Defendants’ Released Claims:
The Individual and Institutional Defendants, on behalf of themselves, and their respective heirs, executors, administrators, predecessors,
successors, and assigns in their capacities as such only, will fully, finally and forever release, settle, and discharge, and shall forever
be enjoined from prosecuting, against Plaintiff, his respective counsel, and all agents, representatives, estates, insurers, reinsurers,
and advisors of any of the foregoing (collectively, the “Plaintiff Releasees”), any and all claims, complaints, petitions,
sanctions, or assertions of wrongdoing in any way, shape or form, including unknown claims, arising out of or relating to the 220 demand,
or the investigation, commencement, prosecution or settlement of the Action (the “Defendants’ Released Claims” and together
with Plaintiff’s Released Claims, the “Released Claims”). Notwithstanding anything to the contrary herein, Defendants’
Released Claims shall not include (a) any claims relating to the enforcement of the Settlement; and (b) claims involving any insurer for
STCN or any of the Defendants.
Release of Unknown Claims:
The releases summarized above include a provision expressly waiving provisions of law that may limit the release of unknown claims.
52.
Pending final determination of whether the Settlement should be approved, all proceedings in the Action, other than such proceedings
as may be necessary to carry out the terms and conditions of the Settlement, are stayed and suspended until further order of the Court.

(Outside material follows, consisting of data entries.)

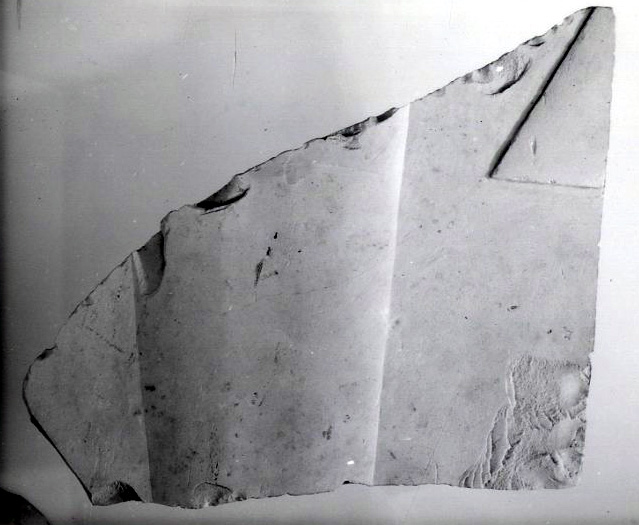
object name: relief fragment, tomb of meketre
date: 1981-1975 BCE
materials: limestone, paint
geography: egypt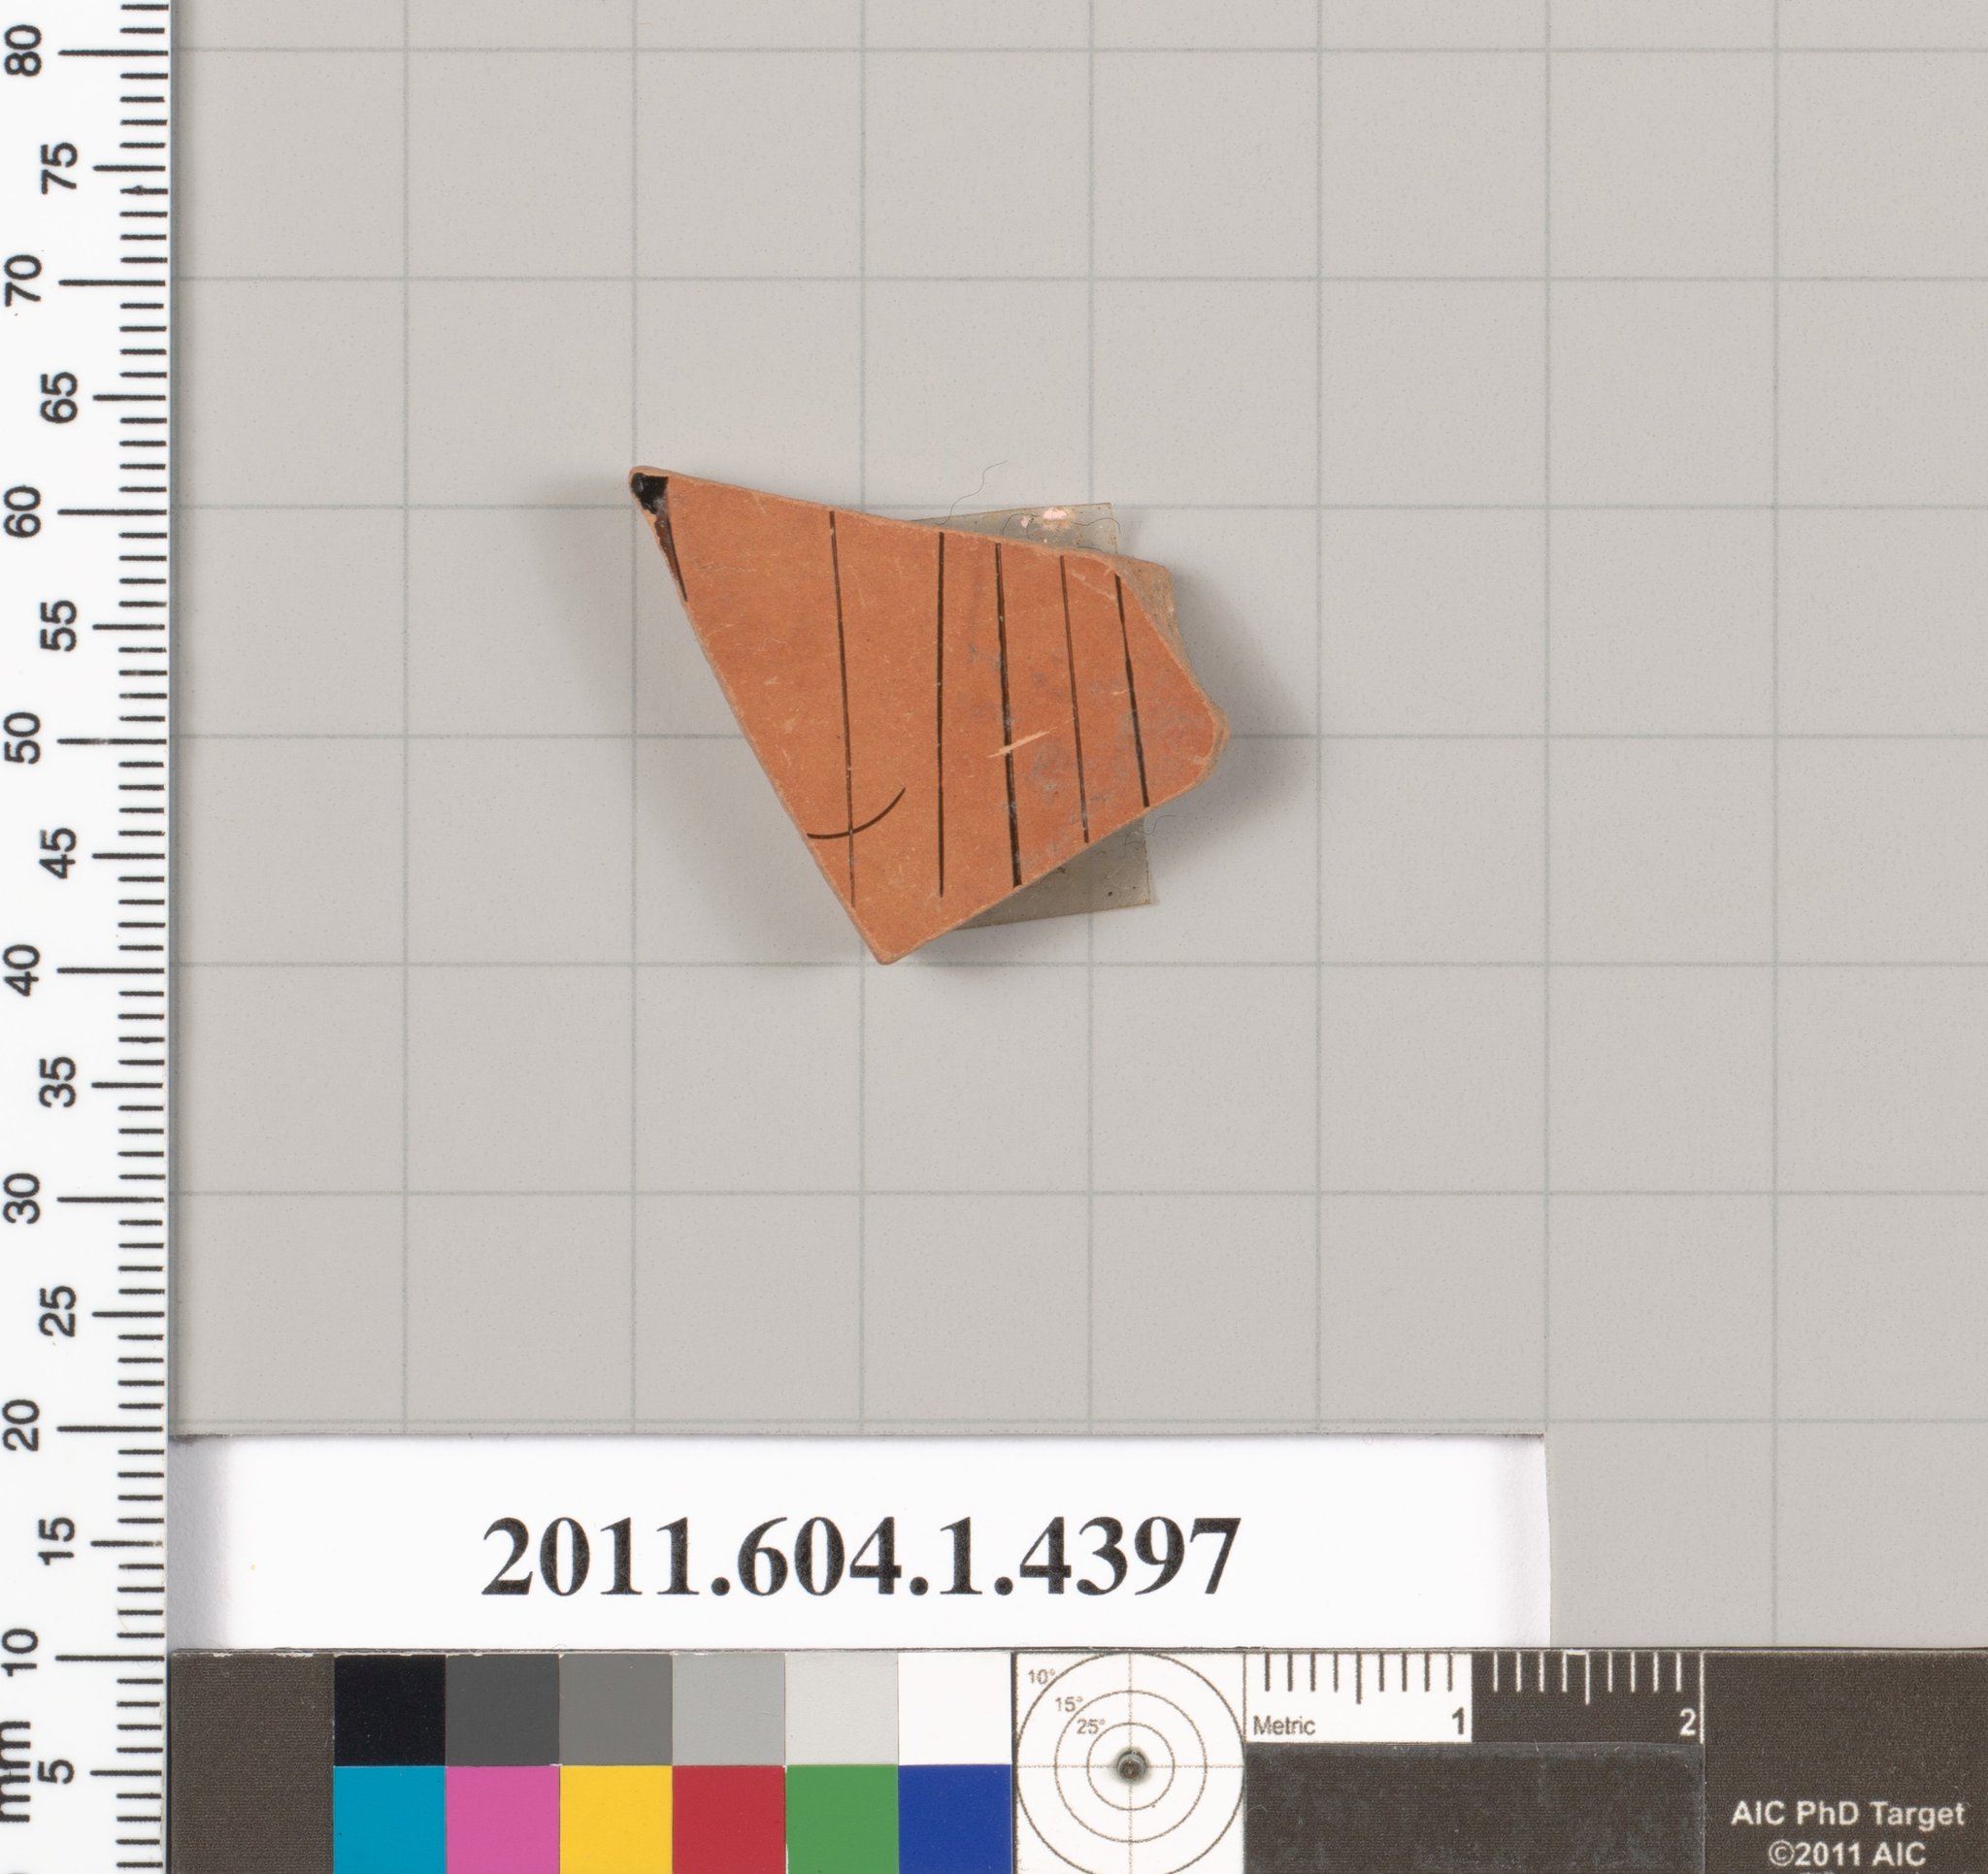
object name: kylix fragment
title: Terracotta fragment of a kylix (drinking cup)
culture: greek, attic
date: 475-451 BCE
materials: terracotta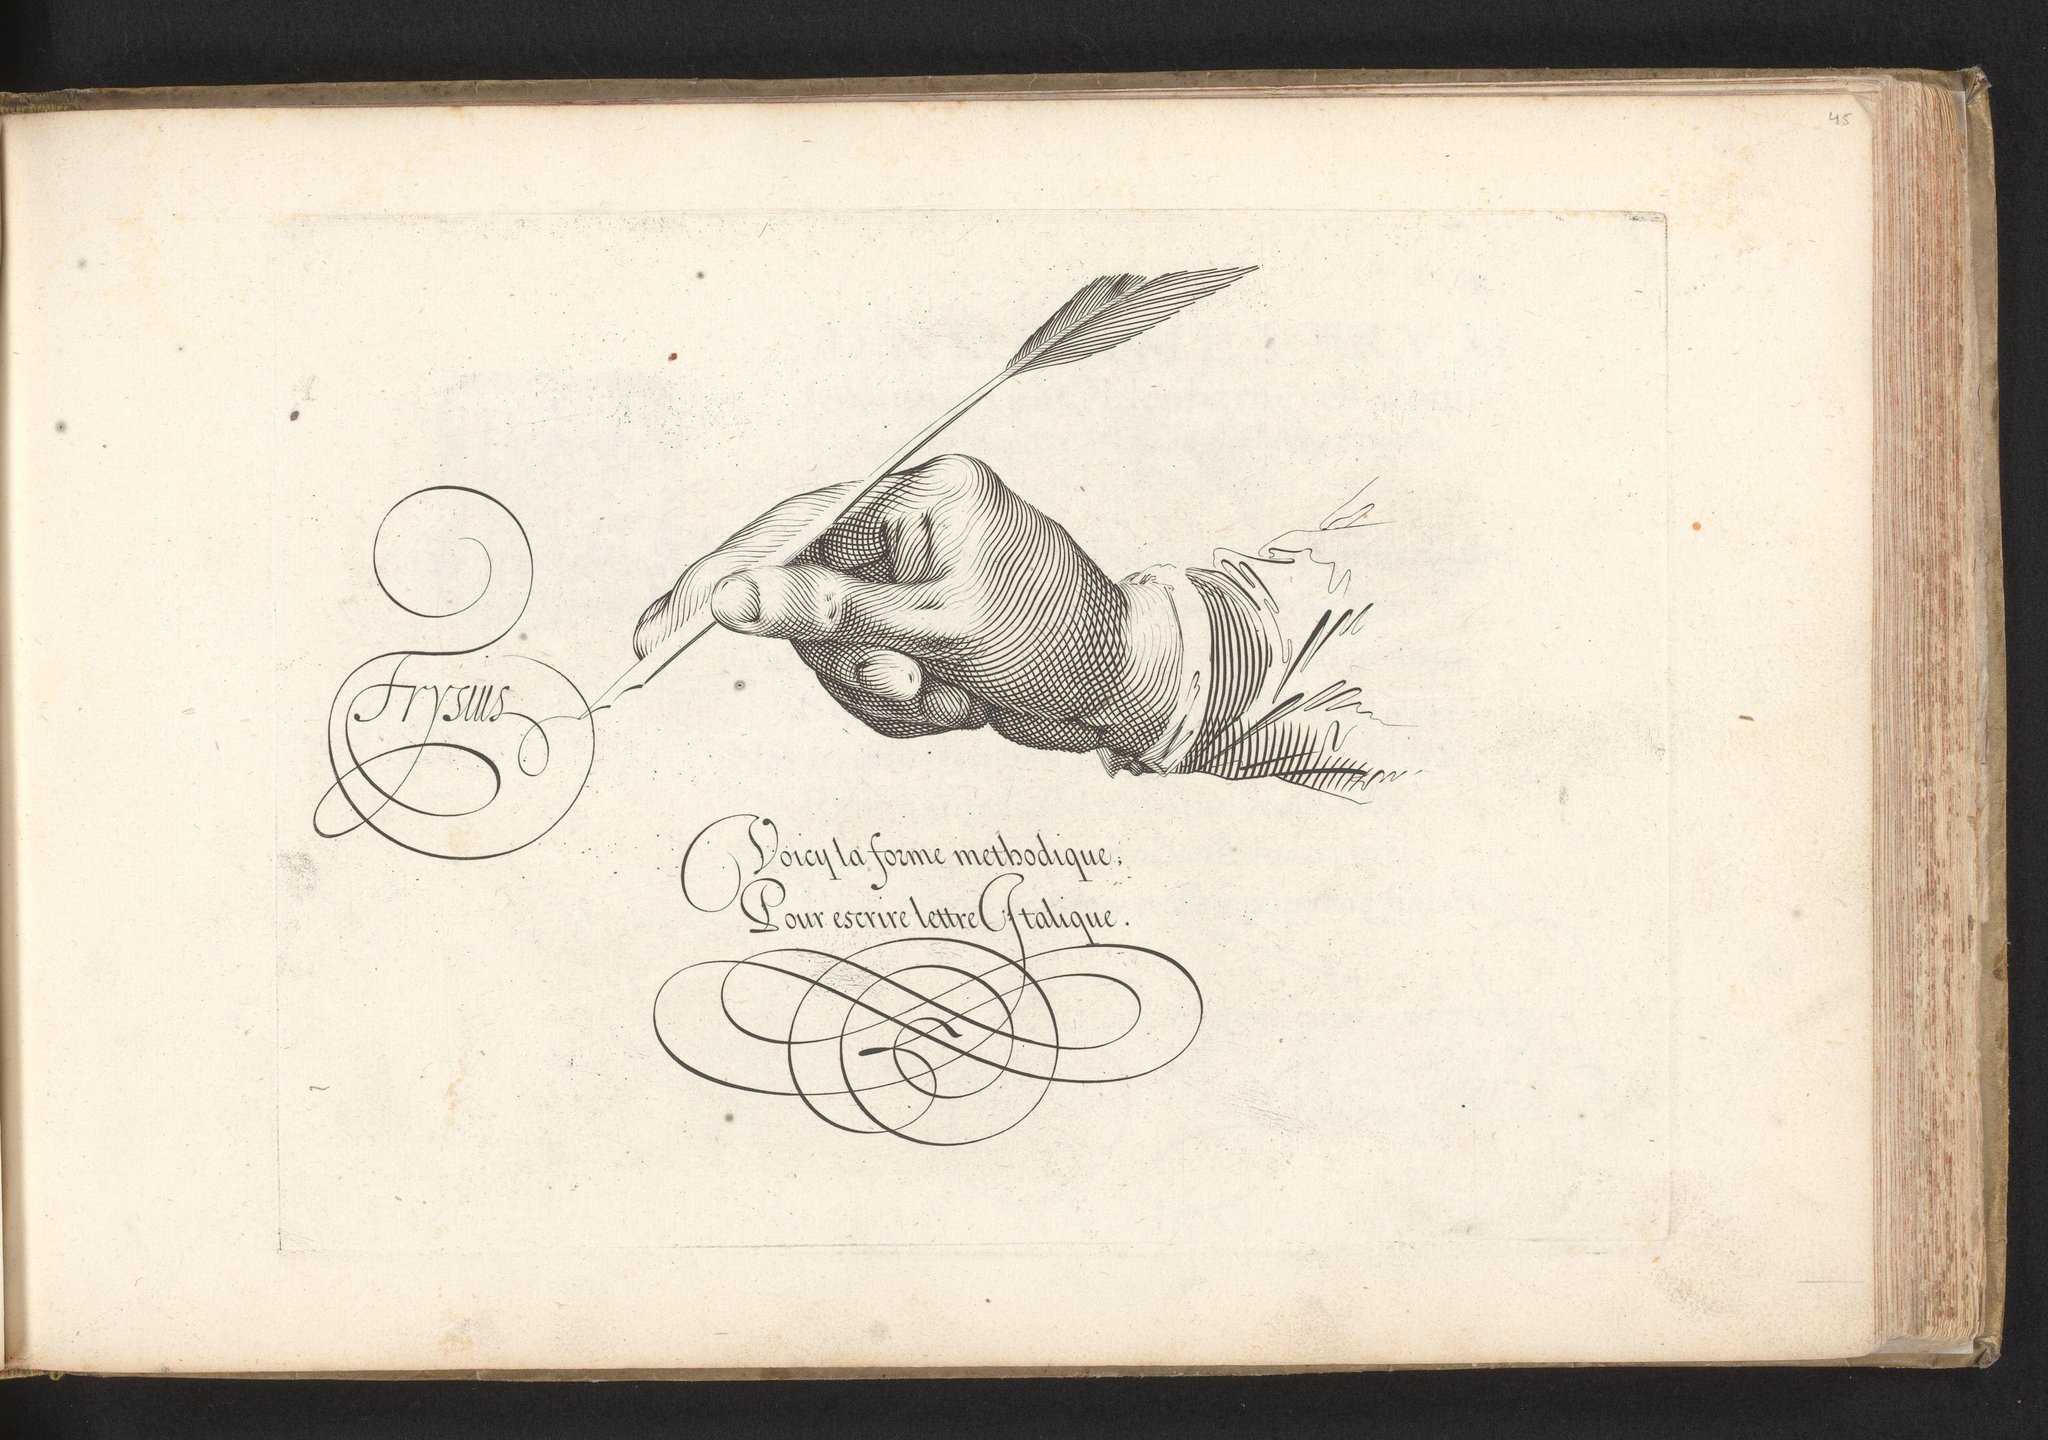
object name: print
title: Thrésor litéraire
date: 1605
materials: paper
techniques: engraving
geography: rotterdam
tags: handwriting, writing as activity, quill, calligraphy
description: Rechterhand met ganzenpen, Frysius schrijvend. Met tweeregelig onderschrift in het Frans: Voicy la forme methodique ... De prent maakt deel uit van een album.

Pending final determination of whether the Settlement should be approved, Plaintiff and all STCN stockholders are barred and enjoined,
to the maximum extent permitted under law, from commencing, prosecuting, instigating, or in any way participating in the commencement
or prosecution of any action asserting any of Plaintiff’s Released Claims as defined in the Stipulation, either directly, representatively,
derivatively, or in any other capacity.
HOW WILL THE ATTORNEYS BE PAID?
|
53.
The Parties did not discuss attorneys’ fees before finalizing the substantive terms of the Settlement. After reaching agreement
on the substantive terms of the Settlement, the Parties negotiated concerning the amount of fees and reimbursement of expenses to be awarded
Plaintiff’s counsel pursuant to any Settlement Fees and Expenses Application, with such award to be paid out of the Settlement Payment,
but the Parties did not reach agreement regarding such amount. Plaintiff and Plaintiff’s counsel shall apply for an award of up
to $1.2 million for fees and expenses arising from the Settlement, contingent on Court approval, with such award to be paid out of the
Settlement Payment. Defendants reserve all rights with respect to such Settlement Fees and Expenses Application. Additionally, Plaintiff
intends to request that the Court award him a service award in compensation of his time, effort and expenses in connection with the Action
and the Settlement (the “Service Award Request”). Any amount granted by the Court upon the Service Award Request shall be
paid exclusively out of Plaintiff’s counsel’s fee and expense award and will not reduce any payment to the Company or any
Class Member. The Court’s disposition of the Settlement Fees and Expenses Application and Service Award Request shall not affect
the validity of the Settlement.
54.
Over and above the fees and expenses associated with the Settlement, Plaintiff’s counsel intend to seek an award of fees
and expenses associated with the benefits that were obtained by the Company as a result of the Previous Settlement, including the Surrendered
Shares (referenced herein as the Mootness Fee Application). Plaintiff’s counsel reserve the right to apply for a mootness fee from
the Company of no more than $1 million. The Parties have not reached agreement regarding the source and amount of any potential mootness
fee awarded under a successful Mootness Fee Application. The Parties’ principal disagreement concerns whether any Court-awarded
mootness fee is a Reith Litigation Expense (as defined in the Stockholders’ Agreement, see supra paragraph 20) to be paid
out of the Settlement Payment. Plaintiff contends that the definition of Reith Litigation Expenses in the Stockholders’ Agreement
does not include mootness fees awarded to Plaintiff in connection with the Action. Defendants disagree, and, in the alternative, believe
that the Independent Audit Committee is responsible for determining whether mootness fees represent a Reith Litigation Expense. The Parties
reserve all rights regarding the Mootness Fee Application.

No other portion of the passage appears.